If eveything is alright, all should you do to deploy docker-worker is to run deploy.sh. You need the secrets repo configured.

After running deploy.sh, you can make a Github release of the deployed AMIs by running release.sh. It creates the Github release and uploads the docker-worker-amis.json and worker-types-backup.json files. You need to setup a Github personal access token and put it in a environment variable called DOCKER_WORKER_GITHUB_TOKEN.

Block-Device Mapping

The AMI built with packer will mount all available instances storage under /mnt and use this for storing docker images and containers. In order for this to work you must specify a block device mapping that maps ephemeral[0-9] to /dev/sd[b-z].

It should be noted that they'll appear in the virtual machine as /dev/xvd[b-z], as this is how Xen storage devices are named under newer kernels. However, the format and mount script will mount them all as a single partition on /mnt using LVM.

An example block device mapping looks as follows:

  {
  "BlockDeviceMappings": [
      {
        "DeviceName": "/dev/sdb",
        "VirtualName": "ephemeral0"
      },
      {
        "DeviceName": "/dev/sdc",
        "VirtualName": "ephemeral1"
      }
    ]
  }

Updating Schema

Schema changes are not deployed automatically so if the schema has been changed, the run the upload-schema.js script to update.

Before running the upload schema script, ensure that AWS credentials are loaded into your environment. See Configuring AWS with Node

Run the upload-schema.js script to update the schema:

babel-node --harmony bin/upload-schema.js

Post-Deployment Verification

After creating a new AMI, operation can be verified by updating a test worker type in the AWS Provisioner and submitting tasks to it.

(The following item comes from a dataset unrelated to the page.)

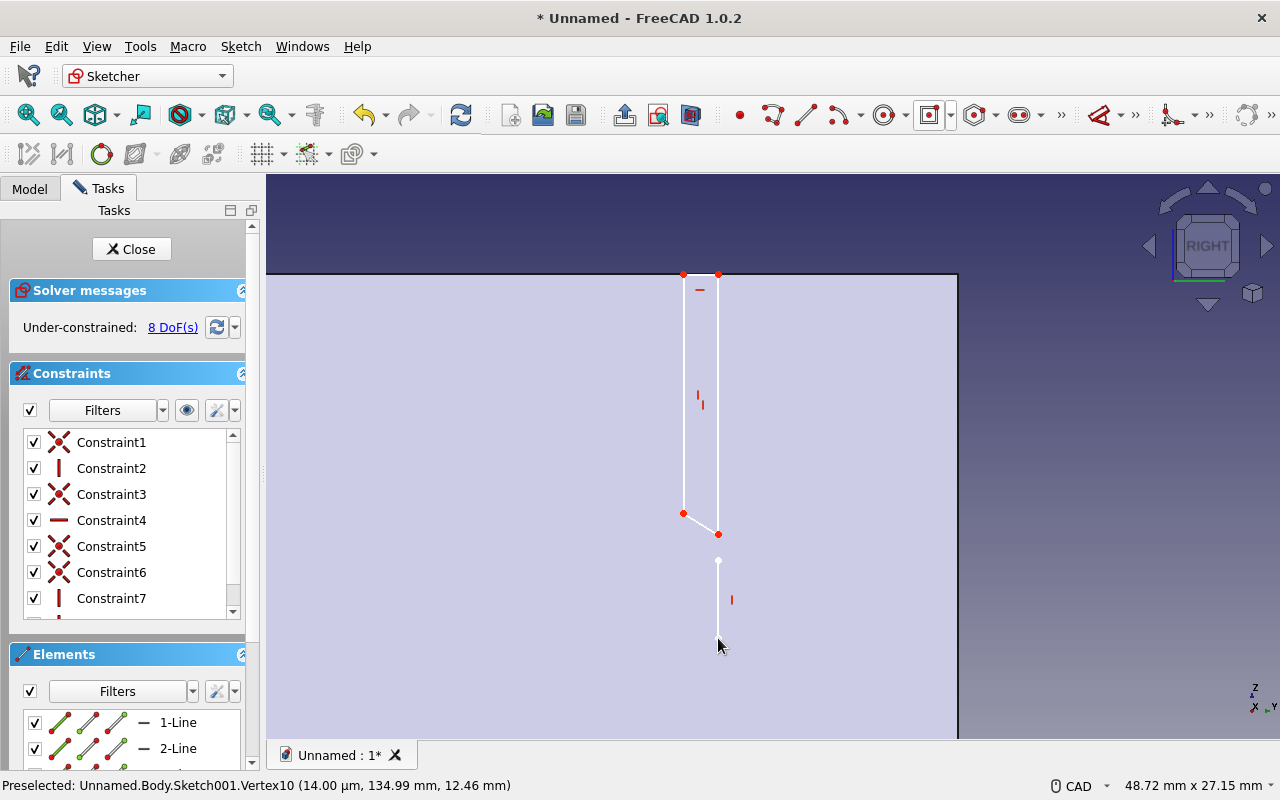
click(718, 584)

Ensure that the tasks were claimed and completed with the successful outcome. Also add in features/capabilities to the tasks based on code changes made in this release.

Further verification should be done if underlying packages, such as docker, change. Stress tests should be used (submit a graph with a 1000 tasks) to ensure that all tasks have the expected outcome and complete in an expected amount of time.

Errors from docker-worker are reported into papertrail and should be monitored during roll out of new AMIs. Searching for the AMI Id along with ("task resolved" OR "claim task") should give a rough idea if work is being done using these new AMIs.